Table 2 depicts the differences in the three countries considered in this paper with respect to FAO-procured insecticides and areas treated. In Ethiopia, malathion and chlorpyrifos were primarily used; in Kenya, deltamethrin and fenitrothion, respectively, whereas in Somalia, M. acridum and teflubenzuron were the dominant insecticides (Table 2). The FAO Locust Hub database [22] indicates that of the total surface area of 1.60 million hectares treated in these three countries during the campaign, malathion was the most used product—43.5% of the surface area, followed by chlorpyrifos (27.5%) (Table 2). M. acridum came third with 15.8% of the total surface area treated—a novelty compared to previous campaigns. In Ethiopia and Kenya, the use of M. acridum was primarily for experimental rather than operational purposes. The exact amount used in Kenya was not reported. It is worth reiterating that during the 2003–2005 DL upsurge, malathion and chlorpyrifos were also the dominant insecticides.
Figure 1 demonstrates that there were three control peaks. The first was in April 2020 in Ethiopia and Kenya. The second and largest peak was from October 2020 to February 2021 in all three countries, and the third was in June 2021, primarily in Somalia. From June onwards, treatments were almost exclusively carried out in Somalia (Figure 1).
Figure 2 shows that the vast majority of treatments were done in natural habitats. It also emphasises that in the border region between Ethiopia (Somali Region) and Somalia (Somaliland) on the Ethiopian side of the border, organophosphates were used, and in Somalia, a bio-insecticide and an IGR were applied in the same habitats and with comparable results. Figure 2 also shows that the main areas treated against DL overlap with areas important for honey production, which are located in particular in the south-west of the country [62].

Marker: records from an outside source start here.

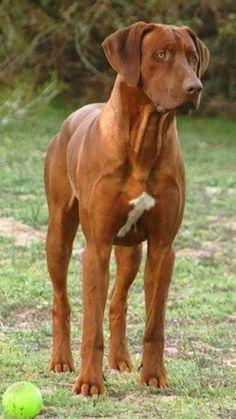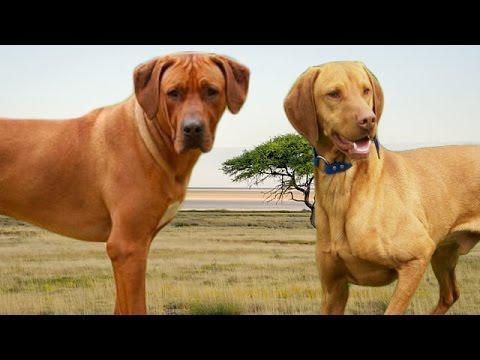The first image is the image on the left, the second image is the image on the right. Assess this claim about the two images: "The right image contains exactly two dogs.". Correct or not? Answer yes or no. Yes. The first image is the image on the left, the second image is the image on the right. Examine the images to the left and right. Is the description "One image includes a sitting dog wearing a collar, and the other image features a dog with one raised front paw." accurate? Answer yes or no. No. 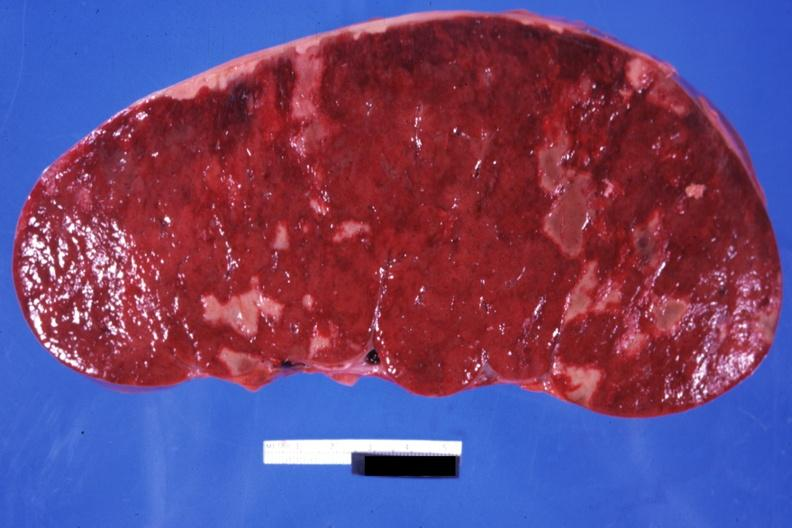what is present?
Answer the question using a single word or phrase. Hematologic 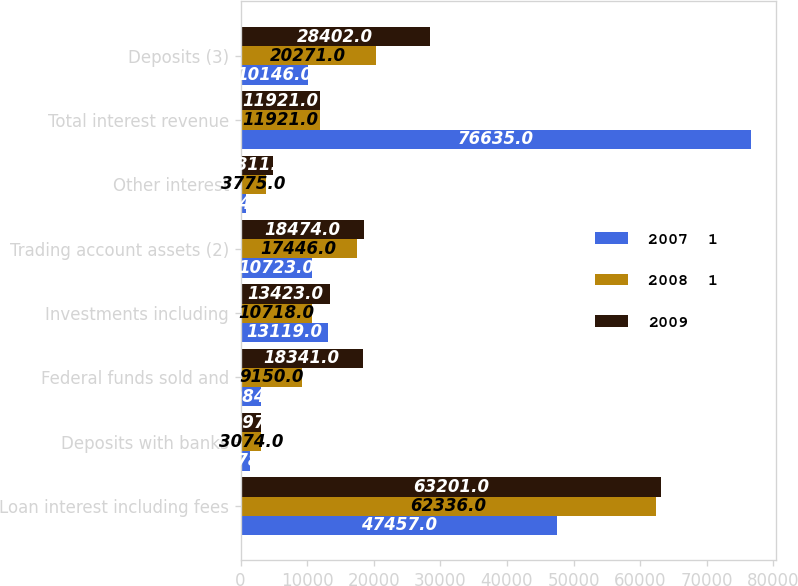<chart> <loc_0><loc_0><loc_500><loc_500><stacked_bar_chart><ecel><fcel>Loan interest including fees<fcel>Deposits with banks<fcel>Federal funds sold and<fcel>Investments including<fcel>Trading account assets (2)<fcel>Other interest<fcel>Total interest revenue<fcel>Deposits (3)<nl><fcel>2007  1<fcel>47457<fcel>1478<fcel>3084<fcel>13119<fcel>10723<fcel>774<fcel>76635<fcel>10146<nl><fcel>2008  1<fcel>62336<fcel>3074<fcel>9150<fcel>10718<fcel>17446<fcel>3775<fcel>11921<fcel>20271<nl><fcel>2009<fcel>63201<fcel>3097<fcel>18341<fcel>13423<fcel>18474<fcel>4811<fcel>11921<fcel>28402<nl></chart> 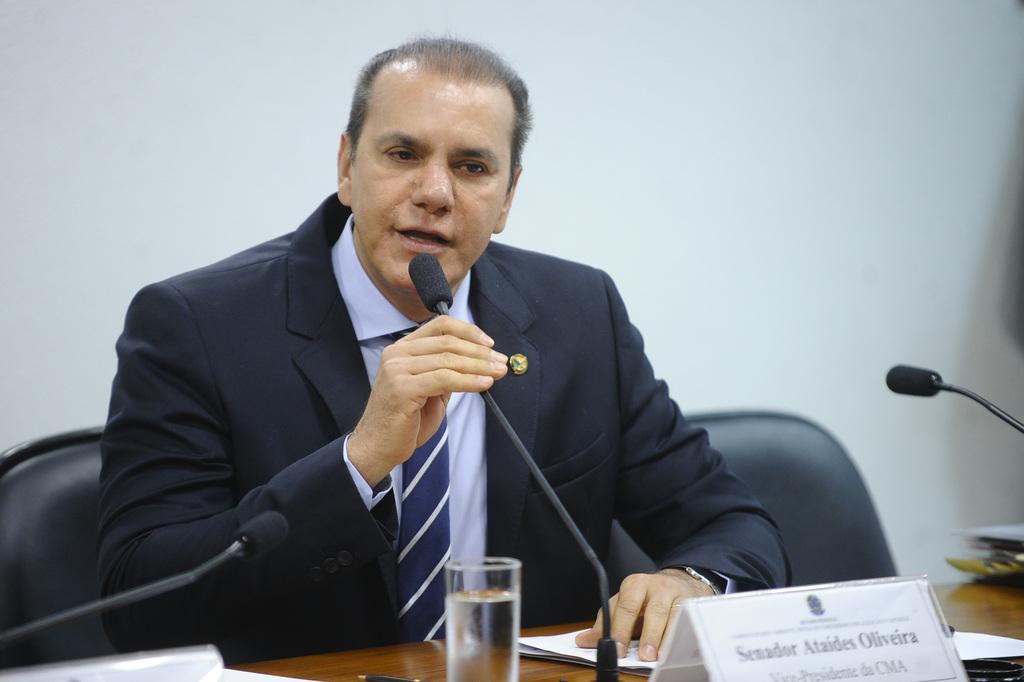Can you describe this image briefly? In this image, in the middle there is a man sitting on a chair which is in black color, he is holding a microphone which is in black color, he is speaking in the microphone, there is a glass on the table and there is a white color board on the table, in the background there is a white color wall. 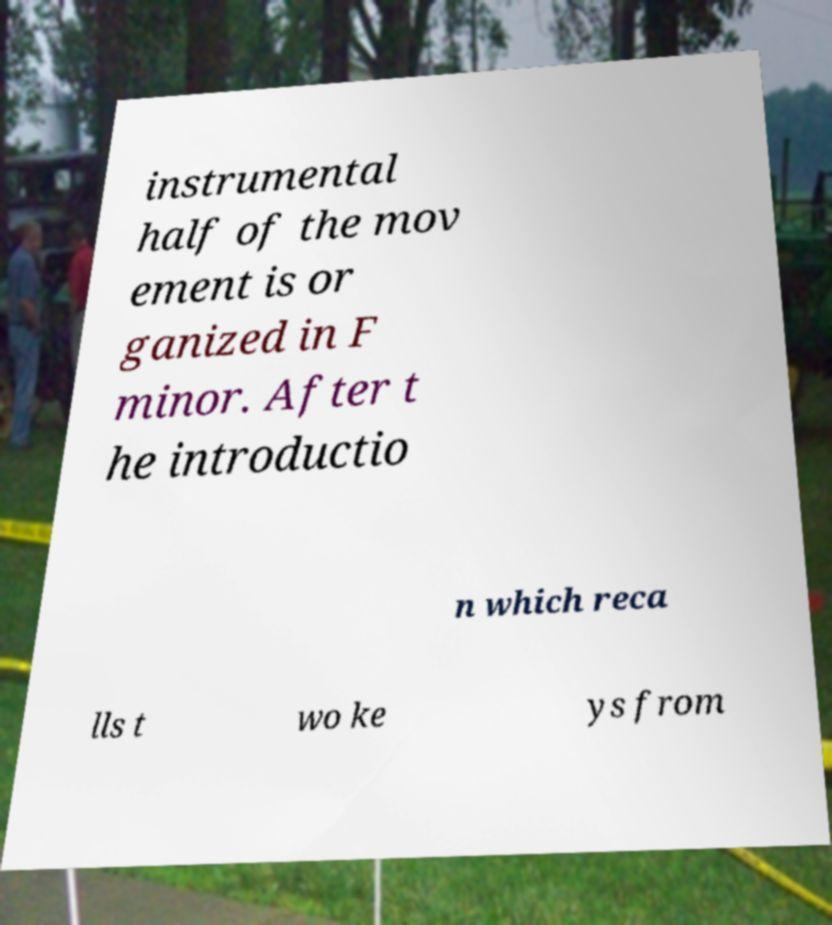Could you assist in decoding the text presented in this image and type it out clearly? instrumental half of the mov ement is or ganized in F minor. After t he introductio n which reca lls t wo ke ys from 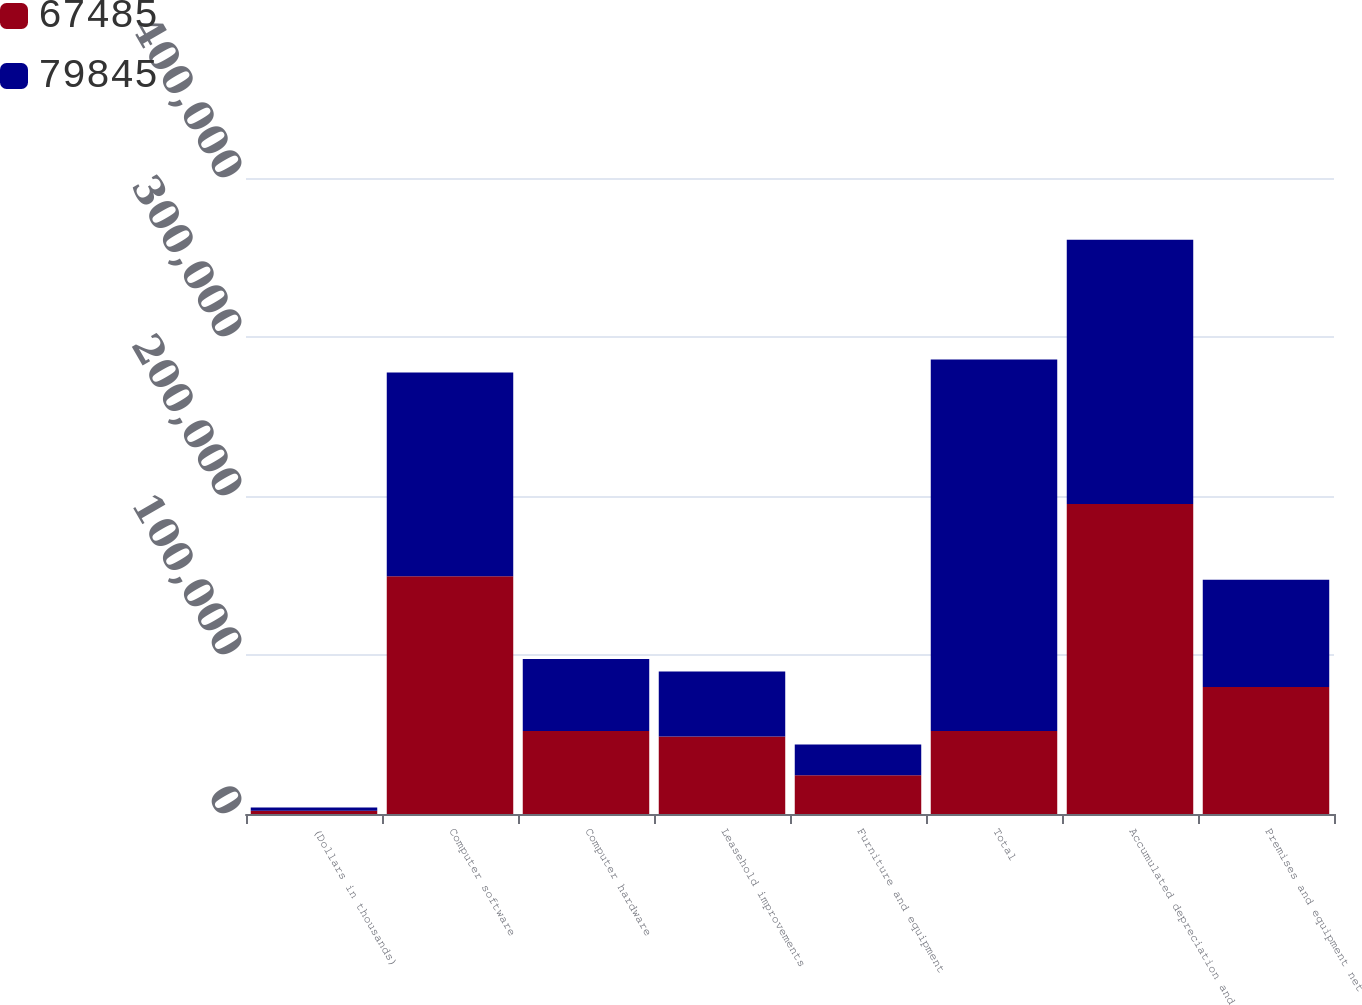Convert chart to OTSL. <chart><loc_0><loc_0><loc_500><loc_500><stacked_bar_chart><ecel><fcel>(Dollars in thousands)<fcel>Computer software<fcel>Computer hardware<fcel>Leasehold improvements<fcel>Furniture and equipment<fcel>Total<fcel>Accumulated depreciation and<fcel>Premises and equipment net<nl><fcel>67485<fcel>2014<fcel>149579<fcel>52203<fcel>48780<fcel>24320<fcel>52203<fcel>195037<fcel>79845<nl><fcel>79845<fcel>2013<fcel>128129<fcel>45241<fcel>40851<fcel>19434<fcel>233655<fcel>166170<fcel>67485<nl></chart> 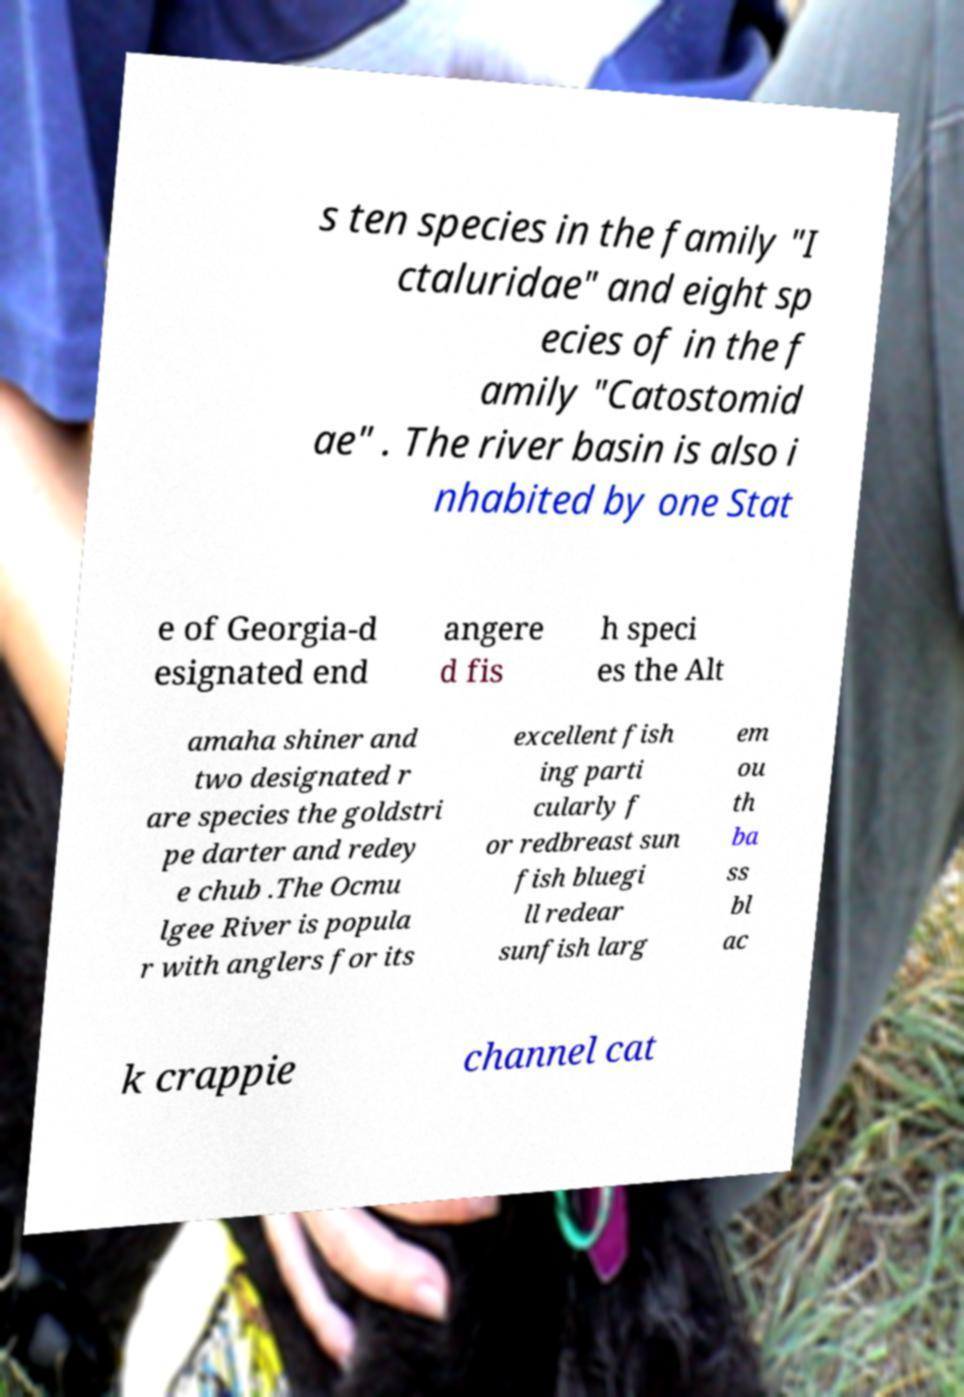Please identify and transcribe the text found in this image. s ten species in the family "I ctaluridae" and eight sp ecies of in the f amily "Catostomid ae" . The river basin is also i nhabited by one Stat e of Georgia-d esignated end angere d fis h speci es the Alt amaha shiner and two designated r are species the goldstri pe darter and redey e chub .The Ocmu lgee River is popula r with anglers for its excellent fish ing parti cularly f or redbreast sun fish bluegi ll redear sunfish larg em ou th ba ss bl ac k crappie channel cat

3.2.1. Environmental Monitoring in Kenya and Ethiopia

Environmental impact monitoring was very limited during the campaign in East Africa. In the absence of surveys, knowledge of the impact of DL control on the environment is sparse. Nevertheless, based on the intrinsic ecotoxicity of products used, including insecticides not recommended for DL control, and from field research during previous campaigns since 1989, among others in the FAO Locustox Project [37,38] and during the 2003–2005 upsurge, it can be safely assumed that negative environmental side effects were widespread but remained largely unreported, with externalities unaccounted for [50,63]. Environmental field monitoring of side effects in Kenya was funded by the FAO during two missions between June and August 2020 in eight sites in Turkana County (in all sites, deltamethrin was applied) and five sites in Samburu County (one site treated with fenitrothion and four sites with deltamethrin) [15] and between October 2020 and January 2021 in two sites in Samburu County (one site with M. acridum and one site fipronil), and two sites in Marsabit County (both sites with deltamethrin) and two in Kitui County (both sites with fenitrothion) [16]. The sites consisted of shrubland, pastoral areas with or without trees, agricultural fields mainly with cereals and beans, and sensitive habitats with beehives and small settlements.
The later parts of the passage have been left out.